2012年11月7日水曜日

認知症


ゲスト/医療法人五風会 さっぽろ香雪病院 西 裕 医師

認知症とはどのような病気ですか。
 認知症は、いったん発達した知能が、さまざまな原因で持続的に低下し、記憶障害がひどくなり、生活に支障を来たすようになった状態のことを示します。
 原因別にいくつかの種類に分類され、代表的なのが「アルツハイマー型認知症」で、患者さんの約6割を占めます。「アミロイドβ」というタンパク質が脳に蓄積することで、脳が萎縮して起きるとされています。物忘れを主な症状に、数年から十数年かけて緩やかに進行します。次に多いのが、脳梗塞や脳出血など脳卒中が原因で発症し、階段状に憎悪、進行するとされる「脳血管性認知症」で、全体の約2割を占めます。
 症状は認知症の種類や人によって異なりますが、初期には記憶障害が現れ、進行するにつれ妄想や徘徊(はいかい)、攻撃的行動などの精神症状・行動異常を伴う場合が多いです。よくみられるのが「物盗(と)られ妄想」です。財布の置き場所を忘れてしまうのですが、忘れた自覚がないので「誰かに盗まれた」と被害妄想を抱くようなケースをいいます。
 多くの認知症には根本的に治療する薬がないので(アルツハイマー型認知症には進行を緩和する薬があります)、治療は病気の進行を遅らせることが重要になってきます。過去の記憶について語り、脳の活性化につなげる「回想療法」や音楽を通して脳を刺激する「音楽療法」などの療法が行われることがあります。
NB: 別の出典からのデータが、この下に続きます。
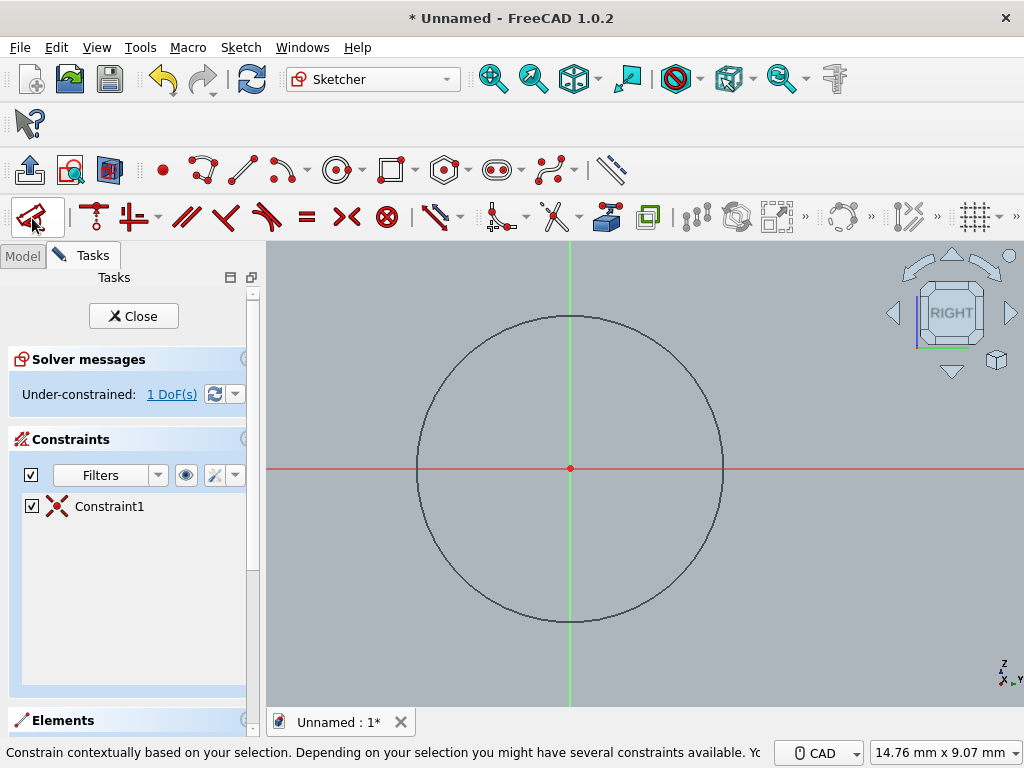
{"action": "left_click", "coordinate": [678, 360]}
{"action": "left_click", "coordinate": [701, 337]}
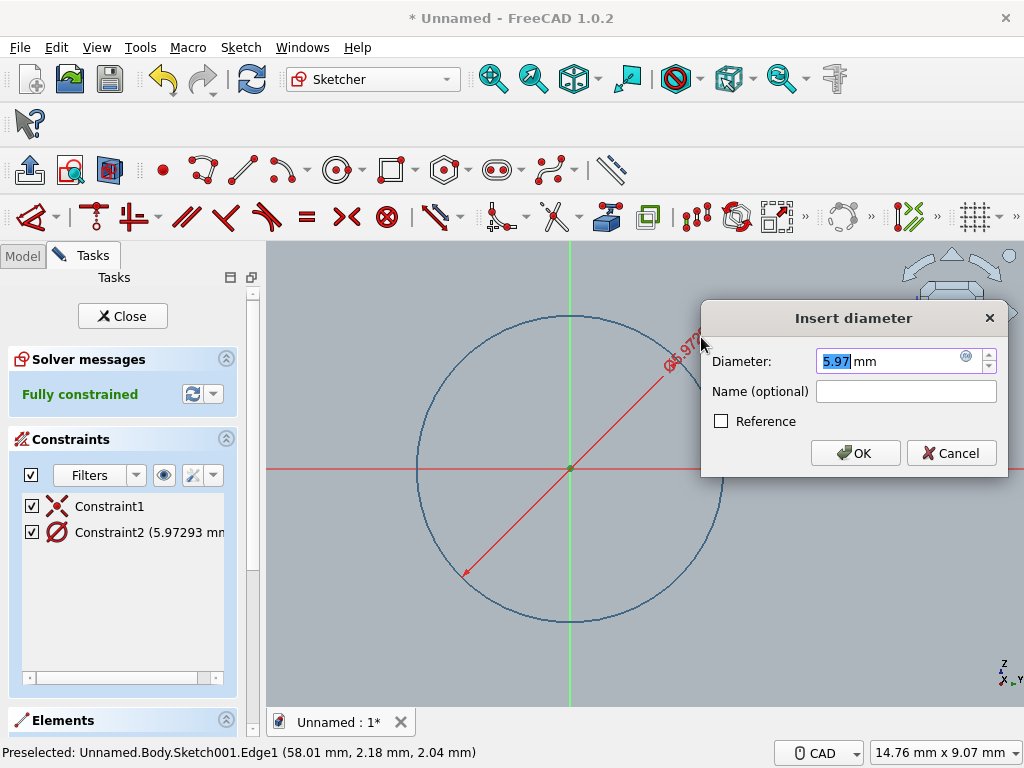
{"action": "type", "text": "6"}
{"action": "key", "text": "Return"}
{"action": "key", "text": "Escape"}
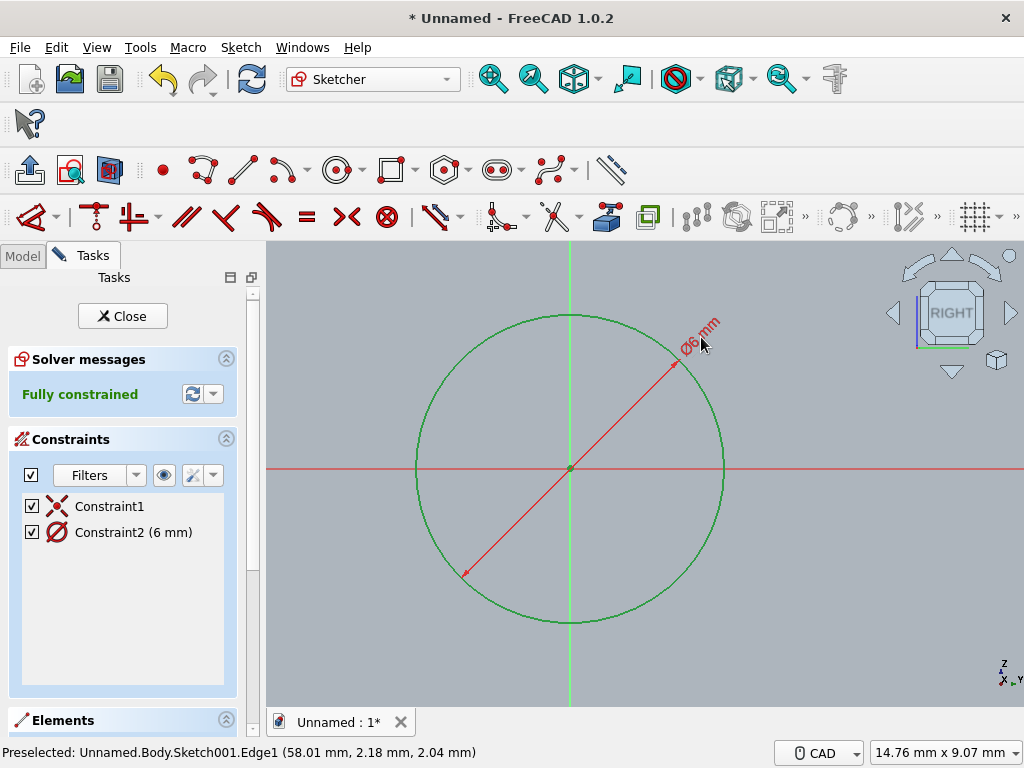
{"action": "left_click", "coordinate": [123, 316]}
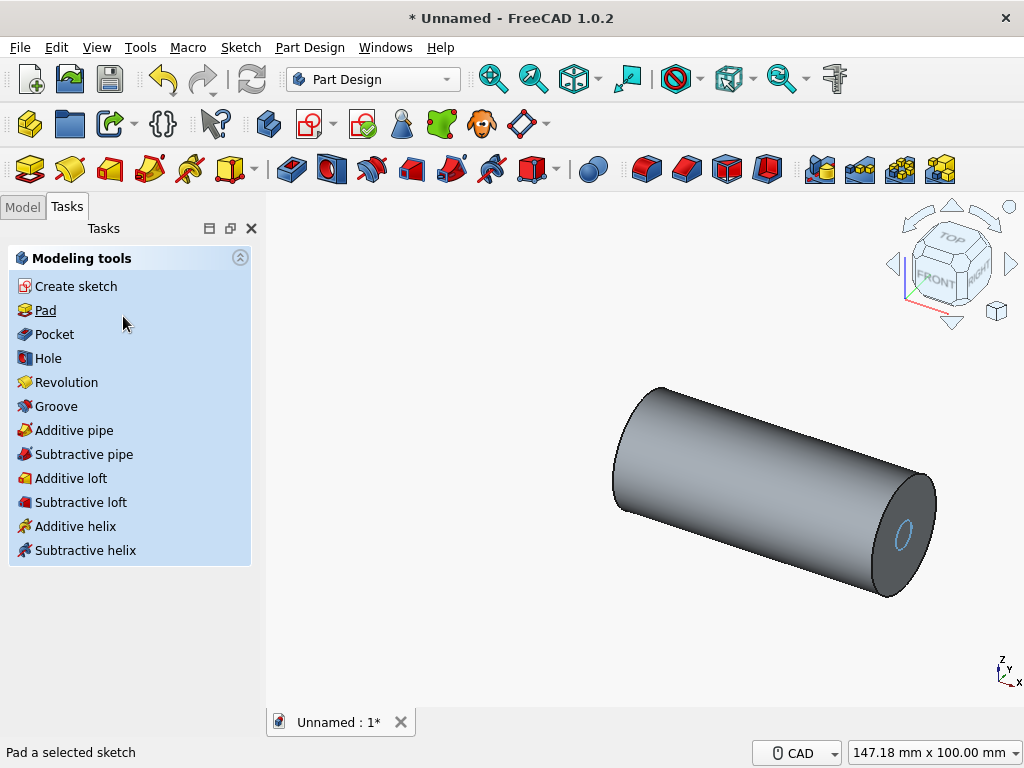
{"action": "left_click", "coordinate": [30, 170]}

認知症患者に対する接し方、向き合い方について教えてください
 家族の方に気になる症状が現れたとしても、受診させるのを躊躇(ちゅうちょ)してしまうケースや、本人も自分が認知症であることを認めたくない気持ちが強く、病院に行きたがらないケースも多いです。対応として、健康診断的な面を強調するなど、本人のプライドを傷つけない配慮をしつつ受診を勧めるようにしてください。受診を先送りにすればするほど問題は大きくなりがちです。早期に治療すれば、穏やかに生活できる時間を長くすることができます。
 もし認知症と診断されたら、症状の進行によっては市町村の窓口で介護保険制度に基づく申請を行いましょう。認定された要介護度の程度に応じて、訪問介護、通所介護、短期入所生活介護などの介護支援サービスが受けられます。認知症の介護は長期に及びます。家族間で問題を抱え込まず、医師、看護師、福祉関係者など専門家と相談していくことが大切です。